── DATA FOR REVIEW ──

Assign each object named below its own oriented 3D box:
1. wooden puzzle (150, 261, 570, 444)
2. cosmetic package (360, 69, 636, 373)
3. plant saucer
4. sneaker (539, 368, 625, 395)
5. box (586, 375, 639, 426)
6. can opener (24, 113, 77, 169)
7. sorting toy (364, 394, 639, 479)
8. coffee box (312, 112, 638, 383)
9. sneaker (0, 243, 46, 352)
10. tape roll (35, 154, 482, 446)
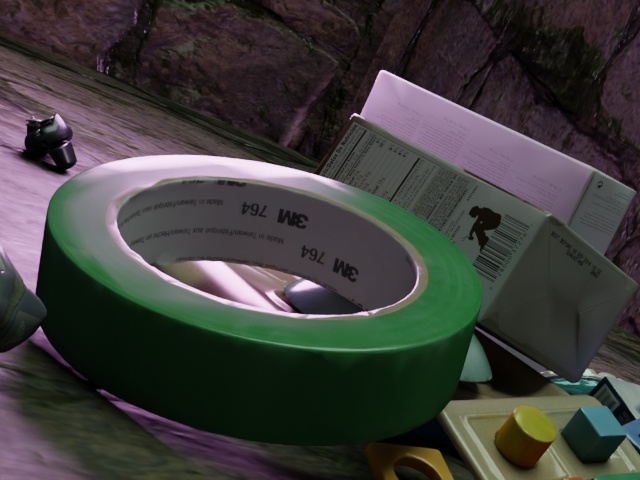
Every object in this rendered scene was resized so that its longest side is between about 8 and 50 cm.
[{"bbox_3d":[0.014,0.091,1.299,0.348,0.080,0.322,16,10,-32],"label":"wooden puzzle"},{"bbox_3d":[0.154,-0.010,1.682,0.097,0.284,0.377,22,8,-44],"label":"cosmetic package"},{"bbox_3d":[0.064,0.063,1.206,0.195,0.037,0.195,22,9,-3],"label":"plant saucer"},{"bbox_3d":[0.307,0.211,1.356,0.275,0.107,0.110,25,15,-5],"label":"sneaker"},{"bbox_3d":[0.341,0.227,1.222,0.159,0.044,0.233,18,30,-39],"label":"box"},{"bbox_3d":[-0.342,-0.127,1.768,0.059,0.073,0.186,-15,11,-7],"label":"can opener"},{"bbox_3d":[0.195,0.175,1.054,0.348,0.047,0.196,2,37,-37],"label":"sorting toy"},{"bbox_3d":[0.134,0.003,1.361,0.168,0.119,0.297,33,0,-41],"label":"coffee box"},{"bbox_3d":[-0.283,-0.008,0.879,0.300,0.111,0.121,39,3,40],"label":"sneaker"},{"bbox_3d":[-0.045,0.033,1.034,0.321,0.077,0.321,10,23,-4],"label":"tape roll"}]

───

• EXERCISE PROMPT
Each line from the top of the records through the one with "6. can opener (24, 113, 77, 169)" should be returned exactly. Leave out everything else.

• TASK RESULT
Assign each object named below its own oriented 3D box:
1. wooden puzzle (150, 261, 570, 444)
2. cosmetic package (360, 69, 636, 373)
3. plant saucer
4. sneaker (539, 368, 625, 395)
5. box (586, 375, 639, 426)
6. can opener (24, 113, 77, 169)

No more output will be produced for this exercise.